Overall, the processes in the default hydrology can be interpreted as quickflow that relatively rapidly flows to streams (Q_surf and Q_drain) and a baseflow term (Q_baseflow) that recharges groundwater that more slowly makes its way to streams. In the modified hydrology, the processes can be interpreted as Horton overland flow (Q_surf) and groundwater-mediated runoff (Q_baseflow). Groundwater-mediated runoff conceptually includes saturation overland flow (Dunne and Black, 1970), which is a groundwater-mediated flow (Lapides et al., 2022); drainage to groundwater; and any lateral flows out of the column. Without simulating groundwater levels or routing flows, this 1-D hydrology scheme allows us to simply account for runoff in a mass balance sense, although we do not know specifically which groundwater-mediated runoff mechanisms are at play in a given location without a more detailed modeling approach.
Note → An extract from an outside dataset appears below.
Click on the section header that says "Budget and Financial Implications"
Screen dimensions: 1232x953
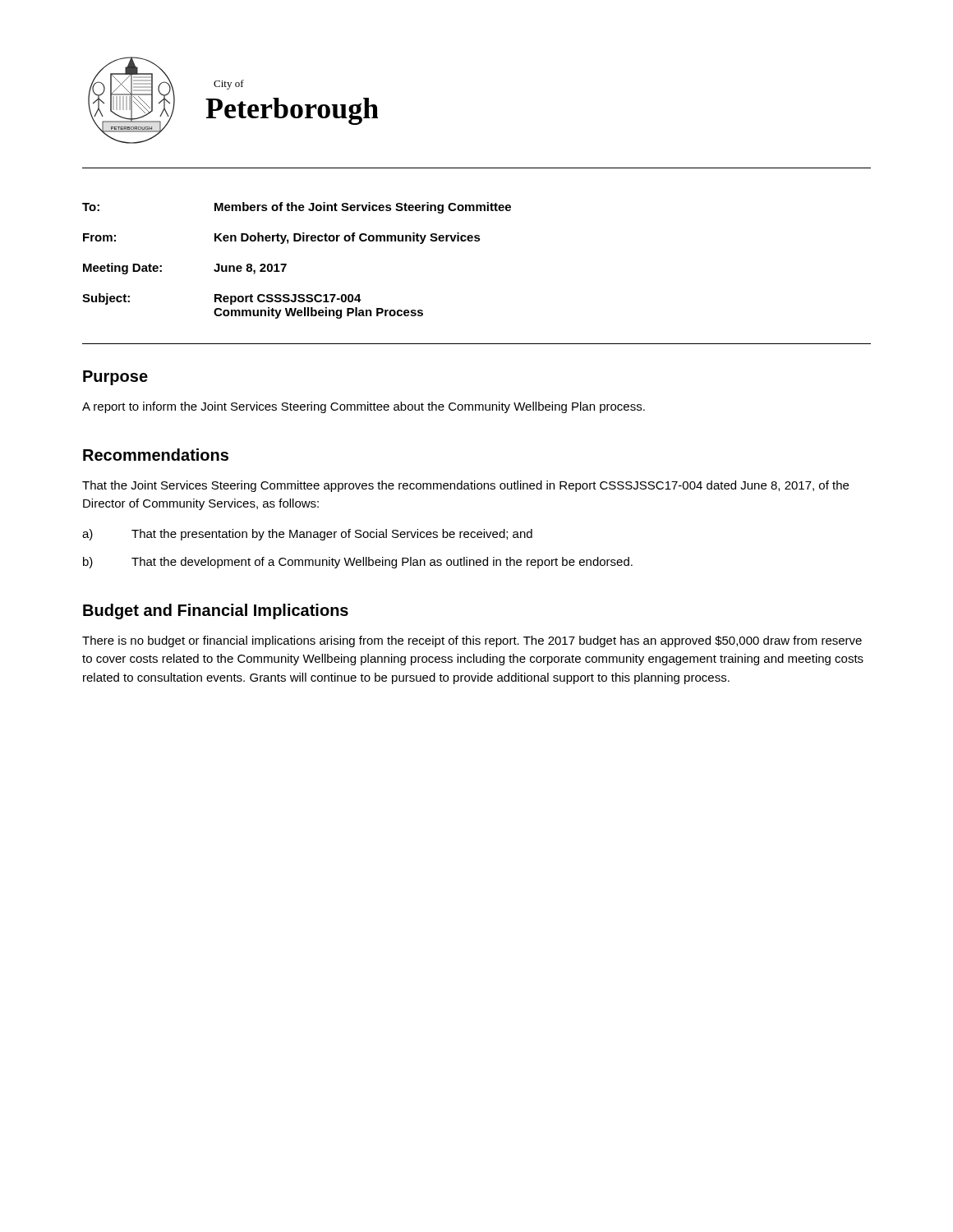(215, 610)

Both the upper and lower layers in the modified hydrology function with a threshold drainage behavior that matches contemporary understanding of runoff generation on hillslopes (Spence, 2010).
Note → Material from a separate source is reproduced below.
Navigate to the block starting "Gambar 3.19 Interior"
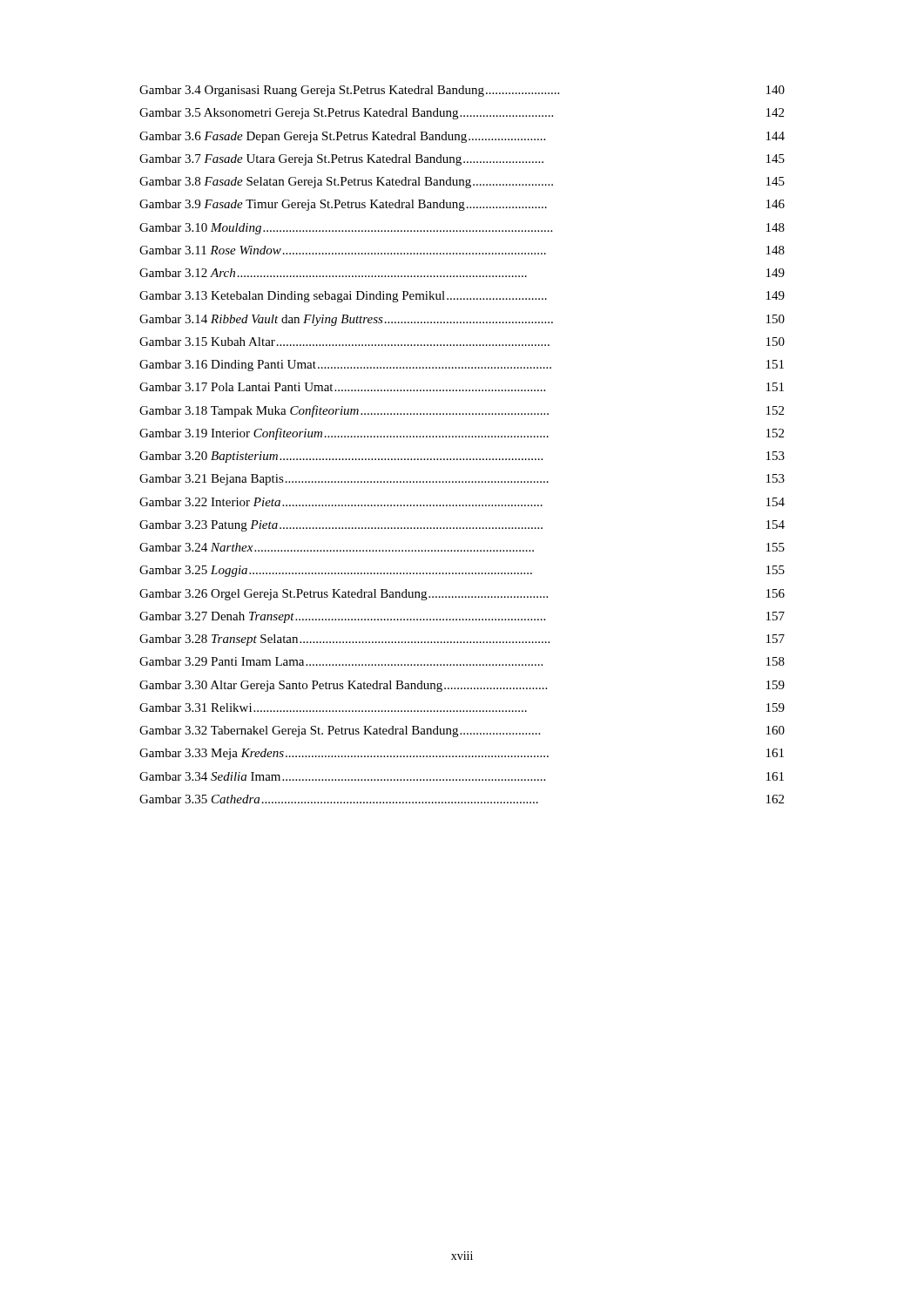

2.2.3 Effects of the modified hydrology scheme

The change to realistic soil and weathered bedrock storage capacities from a globally uniform soil depth generally increases water storage capacity. This increase in capacity provides more space to store plant-available water that is accessible during dry periods. The changes to the hydrology scheme further act to enhance subsurface water availability to plants. First, more water percolates from the upper soil layer to the lower layer due to the increased soil transport capacity in the modified model, retaining more water in the root zone rather than immediately generating surface runoff. Second, runoff is not generated from the lower layer in the modified hydrology unless it has reached field capacity, so all unsaturated moisture below field capacity (and above wilting point) is retained for plant water use in the lower layer. The other major effect of the modified hydrology scheme is that Q_surf becomes a negligible term, and runoff is predominantly made up of Q_baseflow, which reflects better the understanding that most runoff is generated via groundwater-mediated mechanisms rather than as overland flow, particularly in areas with a Mediterranean climate (Salve et al., 2012; Hahm et al., 2022).

2.2.4 Root water uptake in LPJ-GUESS

We used the so-called “SMART” root water uptake scheme implemented in LPJ-GUESS. This maintains a key feature of the current default water uptake scheme, which is that the supply of water for transpiration is not curtailed until soil water content reaches wilting point (which stands in contrast to previous versions of LPJ and its ancestor BIOME models). In the SMART scheme, unlike the default water uptake scheme, trees are not constrained to access water according to prescribed root distributions. By removing this constraint on trees, we believe that the SMART scheme better reflects the ability of trees to forage for water throughout the available subsurface storage volume using their taproot and other coarse roots. This is supported by our finding that the SMART water uptake strategy allows transpiration to continue further into the summer (more closely matching real transpiration patterns) than any other root water uptake model implemented in LPJ-GUESS (Fig. A6 in the Appendix). This also is aligned theoretically with our approach for determining the subsurface storage capacity, which is sized to hold all of the water that plants are known to have access to. As such, trees should be able to access all of the water stored in the subsurface in either layer. Furthermore, model parsimony is improved by effectively removing the rooting depth parameters. This has the further benefit of avoiding the necessity to reconcile rooting depth profiles developed for the fixed soil layer depths in the default LPJ-GUESS model with the new subsurface structure with spatially variable layer depths. Grasses, however, follow the default root uptake behavior in which they have 90 % of their roots in the upper soil layer, with only 10 % of their roots in the lower layer. Their maximum water uptake rates are weighted by this rooting profile regardless of layer depths, implying that grasses have limited access to the lower soil/weathered bedrock water pool and can draw a maximum of 10 % of their water from it. Again we believe this is a reasonable representation of reality because, without coarse roots, grasses mostly draw water from near the surface but may be able to root deeper to some extent if needed.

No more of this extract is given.